Content starts

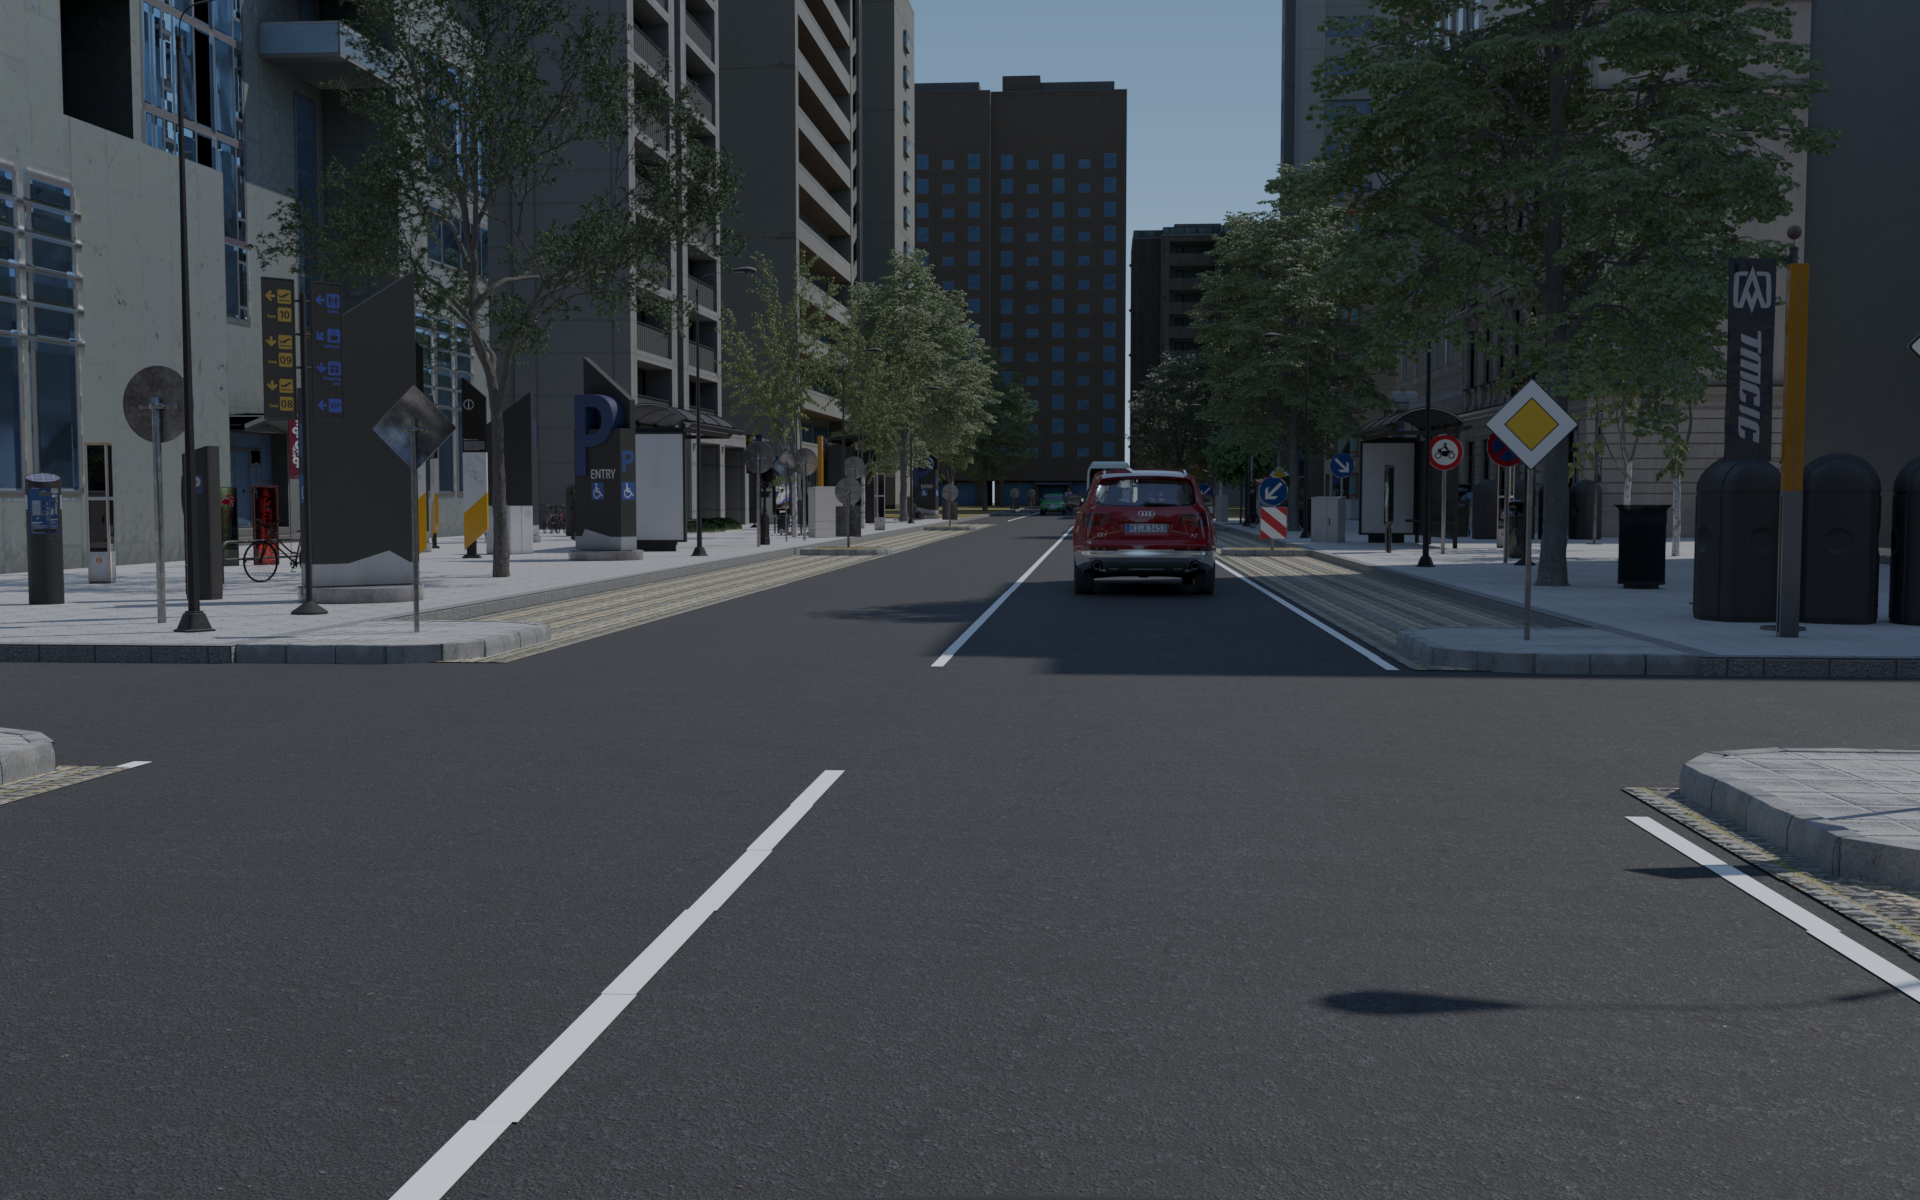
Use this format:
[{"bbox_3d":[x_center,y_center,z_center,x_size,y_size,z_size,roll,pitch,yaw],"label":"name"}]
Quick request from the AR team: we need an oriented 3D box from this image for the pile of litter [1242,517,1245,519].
[{"bbox_3d":[14.993,-4.498,87.505,1.176,0.858,1.719,-1,4,-22],"label":"pile of litter"}]

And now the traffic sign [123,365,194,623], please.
[{"bbox_3d":[-7.950,-1.044,17.174,0.768,2.556,0.104,1,4,9],"label":"traffic sign"}]

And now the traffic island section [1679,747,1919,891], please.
[{"bbox_3d":[4.331,0.919,7.259,2.009,0.180,2.903,0,4,5],"label":"traffic island section"}]

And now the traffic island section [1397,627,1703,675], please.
[{"bbox_3d":[4.997,0.432,15.216,2.009,0.180,2.903,0,4,5],"label":"traffic island section"}]

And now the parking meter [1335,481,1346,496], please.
[{"bbox_3d":[16.701,-4.302,76.053,0.399,1.863,0.255,-2,4,-25],"label":"parking meter"}]

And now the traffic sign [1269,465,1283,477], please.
[{"bbox_3d":[12.554,-4.095,68.138,0.795,2.450,0.064,0,4,7],"label":"traffic sign"}]

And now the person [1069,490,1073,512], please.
[{"bbox_3d":[8.533,-7.749,135.720,0.750,1.759,0.617,-2,4,-30],"label":"person"}]

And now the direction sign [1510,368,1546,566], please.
[{"bbox_3d":[10.175,-2.392,31.100,0.876,3.537,0.379,-2,4,-31],"label":"direction sign"}]

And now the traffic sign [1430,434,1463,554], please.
[{"bbox_3d":[10.302,-2.249,36.884,0.768,2.556,0.104,0,4,5],"label":"traffic sign"}]

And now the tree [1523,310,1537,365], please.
[{"bbox_3d":[15.324,-5.475,39.872,4.737,8.622,4.395,0,3,0],"label":"tree"}]

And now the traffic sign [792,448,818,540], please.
[{"bbox_3d":[-4.301,-2.918,47.814,0.768,2.556,0.104,1,4,10],"label":"traffic sign"}]

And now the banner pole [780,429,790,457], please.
[{"bbox_3d":[-6.744,-4.673,66.422,0.401,3.779,0.863,-3,4,-36],"label":"banner pole"}]

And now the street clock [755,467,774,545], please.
[{"bbox_3d":[-4.921,-2.388,43.616,0.358,2.002,0.471,3,4,38],"label":"street clock"}]

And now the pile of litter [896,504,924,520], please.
[{"bbox_3d":[-2.545,-4.457,86.840,1.719,0.858,1.176,-1,4,-16],"label":"pile of litter"}]

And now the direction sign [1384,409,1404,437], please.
[{"bbox_3d":[11.664,-3.342,46.637,0.876,3.537,0.379,-3,5,-40],"label":"direction sign"}]

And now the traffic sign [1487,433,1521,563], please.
[{"bbox_3d":[10.163,-1.963,32.195,0.768,2.556,0.104,0,4,8],"label":"traffic sign"}]

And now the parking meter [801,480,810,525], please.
[{"bbox_3d":[-6.410,-4.051,71.946,0.255,1.863,0.399,1,4,16],"label":"parking meter"}]

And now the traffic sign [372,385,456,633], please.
[{"bbox_3d":[-5.034,-0.756,15.997,0.795,2.450,0.064,0,4,5],"label":"traffic sign"}]

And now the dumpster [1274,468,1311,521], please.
[{"bbox_3d":[12.564,-3.898,66.230,1.502,2.255,1.985,0,4,5],"label":"dumpster"}]

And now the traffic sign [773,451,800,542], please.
[{"bbox_3d":[-4.667,-2.774,46.538,0.795,2.450,0.064,1,4,13],"label":"traffic sign"}]

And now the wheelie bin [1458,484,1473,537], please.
[{"bbox_3d":[14.992,-2.691,51.900,0.980,1.594,0.693,1,4,19],"label":"wheelie bin"}]

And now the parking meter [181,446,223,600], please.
[{"bbox_3d":[-9.211,-0.938,21.039,0.399,1.863,0.255,1,4,14],"label":"parking meter"}]

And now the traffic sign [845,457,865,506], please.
[{"bbox_3d":[-3.610,-3.590,58.806,0.768,2.556,0.104,0,4,7],"label":"traffic sign"}]

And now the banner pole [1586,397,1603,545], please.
[{"bbox_3d":[16.134,-3.289,43.798,0.401,3.779,0.863,0,4,8],"label":"banner pole"}]

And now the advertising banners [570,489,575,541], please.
[{"bbox_3d":[-10.353,-3.191,48.368,0.090,3.025,2.074,1,4,16],"label":"advertising banners"}]

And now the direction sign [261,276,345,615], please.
[{"bbox_3d":[-6.958,-1.616,18.419,0.379,3.537,0.876,3,5,43],"label":"direction sign"}]

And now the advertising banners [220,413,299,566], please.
[{"bbox_3d":[-12.556,-2.142,31.202,0.090,3.025,2.074,3,5,39],"label":"advertising banners"}]

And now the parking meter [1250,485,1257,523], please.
[{"bbox_3d":[12.878,-4.329,76.487,0.399,1.863,0.255,0,4,1],"label":"parking meter"}]

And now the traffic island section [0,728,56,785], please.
[{"bbox_3d":[-5.725,0.867,8.104,2.009,0.180,2.903,0,4,5],"label":"traffic island section"}]

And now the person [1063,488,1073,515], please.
[{"bbox_3d":[7.306,-6.639,116.921,0.709,1.838,0.599,1,4,9],"label":"person"}]

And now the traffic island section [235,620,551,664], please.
[{"bbox_3d":[-5.058,0.380,16.061,2.009,0.180,2.903,0,4,5],"label":"traffic island section"}]

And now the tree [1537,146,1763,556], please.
[{"bbox_3d":[14.530,-5.207,35.499,4.737,8.622,4.395,0,3,0],"label":"tree"}]

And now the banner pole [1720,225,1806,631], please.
[{"bbox_3d":[7.547,-1.604,16.237,0.863,3.779,0.401,0,4,-5],"label":"banner pole"}]

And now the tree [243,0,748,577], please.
[{"bbox_3d":[-6.983,-5.649,26.779,8.767,10.594,7.601,1,4,14],"label":"tree"}]

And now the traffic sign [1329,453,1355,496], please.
[{"bbox_3d":[11.884,-3.292,53.925,0.768,2.556,0.104,1,4,13],"label":"traffic sign"}]

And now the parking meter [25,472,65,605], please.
[{"bbox_3d":[-10.658,-0.719,20.169,0.372,1.533,0.369,0,3,0],"label":"parking meter"}]

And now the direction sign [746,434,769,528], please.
[{"bbox_3d":[-7.836,-4.526,65.999,0.876,3.537,0.379,3,5,40],"label":"direction sign"}]

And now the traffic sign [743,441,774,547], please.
[{"bbox_3d":[-4.887,-2.558,41.925,0.768,2.556,0.104,1,4,14],"label":"traffic sign"}]

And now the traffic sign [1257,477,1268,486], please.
[{"bbox_3d":[15.504,-5.464,89.444,0.768,2.556,0.104,0,4,7],"label":"traffic sign"}]

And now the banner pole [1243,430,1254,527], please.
[{"bbox_3d":[11.286,-4.725,67.274,0.401,3.779,0.863,0,4,-4],"label":"banner pole"}]

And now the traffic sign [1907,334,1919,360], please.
[{"bbox_3d":[4.306,-0.217,7.184,0.795,2.450,0.064,0,4,5],"label":"traffic sign"}]

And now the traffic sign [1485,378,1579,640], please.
[{"bbox_3d":[4.973,-0.703,15.141,0.795,2.450,0.064,0,4,5],"label":"traffic sign"}]

Content ends

[PROBLEM]
With the pictures left aside, write out all of the records above exactly.

[EXERCISE OUTPUT]
Use this format:
[{"bbox_3d":[x_center,y_center,z_center,x_size,y_size,z_size,roll,pitch,yaw],"label":"name"}]
Quick request from the AR team: we need an oriented 3D box from this image for the pile of litter [1242,517,1245,519].
[{"bbox_3d":[14.993,-4.498,87.505,1.176,0.858,1.719,-1,4,-22],"label":"pile of litter"}]

And now the traffic sign [123,365,194,623], please.
[{"bbox_3d":[-7.950,-1.044,17.174,0.768,2.556,0.104,1,4,9],"label":"traffic sign"}]

And now the traffic island section [1679,747,1919,891], please.
[{"bbox_3d":[4.331,0.919,7.259,2.009,0.180,2.903,0,4,5],"label":"traffic island section"}]

And now the traffic island section [1397,627,1703,675], please.
[{"bbox_3d":[4.997,0.432,15.216,2.009,0.180,2.903,0,4,5],"label":"traffic island section"}]

And now the parking meter [1335,481,1346,496], please.
[{"bbox_3d":[16.701,-4.302,76.053,0.399,1.863,0.255,-2,4,-25],"label":"parking meter"}]

And now the traffic sign [1269,465,1283,477], please.
[{"bbox_3d":[12.554,-4.095,68.138,0.795,2.450,0.064,0,4,7],"label":"traffic sign"}]

And now the person [1069,490,1073,512], please.
[{"bbox_3d":[8.533,-7.749,135.720,0.750,1.759,0.617,-2,4,-30],"label":"person"}]

And now the direction sign [1510,368,1546,566], please.
[{"bbox_3d":[10.175,-2.392,31.100,0.876,3.537,0.379,-2,4,-31],"label":"direction sign"}]

And now the traffic sign [1430,434,1463,554], please.
[{"bbox_3d":[10.302,-2.249,36.884,0.768,2.556,0.104,0,4,5],"label":"traffic sign"}]

And now the tree [1523,310,1537,365], please.
[{"bbox_3d":[15.324,-5.475,39.872,4.737,8.622,4.395,0,3,0],"label":"tree"}]

And now the traffic sign [792,448,818,540], please.
[{"bbox_3d":[-4.301,-2.918,47.814,0.768,2.556,0.104,1,4,10],"label":"traffic sign"}]

And now the banner pole [780,429,790,457], please.
[{"bbox_3d":[-6.744,-4.673,66.422,0.401,3.779,0.863,-3,4,-36],"label":"banner pole"}]

And now the street clock [755,467,774,545], please.
[{"bbox_3d":[-4.921,-2.388,43.616,0.358,2.002,0.471,3,4,38],"label":"street clock"}]

And now the pile of litter [896,504,924,520], please.
[{"bbox_3d":[-2.545,-4.457,86.840,1.719,0.858,1.176,-1,4,-16],"label":"pile of litter"}]

And now the direction sign [1384,409,1404,437], please.
[{"bbox_3d":[11.664,-3.342,46.637,0.876,3.537,0.379,-3,5,-40],"label":"direction sign"}]

And now the traffic sign [1487,433,1521,563], please.
[{"bbox_3d":[10.163,-1.963,32.195,0.768,2.556,0.104,0,4,8],"label":"traffic sign"}]

And now the parking meter [801,480,810,525], please.
[{"bbox_3d":[-6.410,-4.051,71.946,0.255,1.863,0.399,1,4,16],"label":"parking meter"}]

And now the traffic sign [372,385,456,633], please.
[{"bbox_3d":[-5.034,-0.756,15.997,0.795,2.450,0.064,0,4,5],"label":"traffic sign"}]

And now the dumpster [1274,468,1311,521], please.
[{"bbox_3d":[12.564,-3.898,66.230,1.502,2.255,1.985,0,4,5],"label":"dumpster"}]

And now the traffic sign [773,451,800,542], please.
[{"bbox_3d":[-4.667,-2.774,46.538,0.795,2.450,0.064,1,4,13],"label":"traffic sign"}]

And now the wheelie bin [1458,484,1473,537], please.
[{"bbox_3d":[14.992,-2.691,51.900,0.980,1.594,0.693,1,4,19],"label":"wheelie bin"}]

And now the parking meter [181,446,223,600], please.
[{"bbox_3d":[-9.211,-0.938,21.039,0.399,1.863,0.255,1,4,14],"label":"parking meter"}]

And now the traffic sign [845,457,865,506], please.
[{"bbox_3d":[-3.610,-3.590,58.806,0.768,2.556,0.104,0,4,7],"label":"traffic sign"}]

And now the banner pole [1586,397,1603,545], please.
[{"bbox_3d":[16.134,-3.289,43.798,0.401,3.779,0.863,0,4,8],"label":"banner pole"}]

And now the advertising banners [570,489,575,541], please.
[{"bbox_3d":[-10.353,-3.191,48.368,0.090,3.025,2.074,1,4,16],"label":"advertising banners"}]

And now the direction sign [261,276,345,615], please.
[{"bbox_3d":[-6.958,-1.616,18.419,0.379,3.537,0.876,3,5,43],"label":"direction sign"}]

And now the advertising banners [220,413,299,566], please.
[{"bbox_3d":[-12.556,-2.142,31.202,0.090,3.025,2.074,3,5,39],"label":"advertising banners"}]

And now the parking meter [1250,485,1257,523], please.
[{"bbox_3d":[12.878,-4.329,76.487,0.399,1.863,0.255,0,4,1],"label":"parking meter"}]

And now the traffic island section [0,728,56,785], please.
[{"bbox_3d":[-5.725,0.867,8.104,2.009,0.180,2.903,0,4,5],"label":"traffic island section"}]

And now the person [1063,488,1073,515], please.
[{"bbox_3d":[7.306,-6.639,116.921,0.709,1.838,0.599,1,4,9],"label":"person"}]

And now the traffic island section [235,620,551,664], please.
[{"bbox_3d":[-5.058,0.380,16.061,2.009,0.180,2.903,0,4,5],"label":"traffic island section"}]

And now the tree [1537,146,1763,556], please.
[{"bbox_3d":[14.530,-5.207,35.499,4.737,8.622,4.395,0,3,0],"label":"tree"}]

And now the banner pole [1720,225,1806,631], please.
[{"bbox_3d":[7.547,-1.604,16.237,0.863,3.779,0.401,0,4,-5],"label":"banner pole"}]

And now the tree [243,0,748,577], please.
[{"bbox_3d":[-6.983,-5.649,26.779,8.767,10.594,7.601,1,4,14],"label":"tree"}]

And now the traffic sign [1329,453,1355,496], please.
[{"bbox_3d":[11.884,-3.292,53.925,0.768,2.556,0.104,1,4,13],"label":"traffic sign"}]

And now the parking meter [25,472,65,605], please.
[{"bbox_3d":[-10.658,-0.719,20.169,0.372,1.533,0.369,0,3,0],"label":"parking meter"}]

And now the direction sign [746,434,769,528], please.
[{"bbox_3d":[-7.836,-4.526,65.999,0.876,3.537,0.379,3,5,40],"label":"direction sign"}]

And now the traffic sign [743,441,774,547], please.
[{"bbox_3d":[-4.887,-2.558,41.925,0.768,2.556,0.104,1,4,14],"label":"traffic sign"}]

And now the traffic sign [1257,477,1268,486], please.
[{"bbox_3d":[15.504,-5.464,89.444,0.768,2.556,0.104,0,4,7],"label":"traffic sign"}]

And now the banner pole [1243,430,1254,527], please.
[{"bbox_3d":[11.286,-4.725,67.274,0.401,3.779,0.863,0,4,-4],"label":"banner pole"}]

And now the traffic sign [1907,334,1919,360], please.
[{"bbox_3d":[4.306,-0.217,7.184,0.795,2.450,0.064,0,4,5],"label":"traffic sign"}]

And now the traffic sign [1485,378,1579,640], please.
[{"bbox_3d":[4.973,-0.703,15.141,0.795,2.450,0.064,0,4,5],"label":"traffic sign"}]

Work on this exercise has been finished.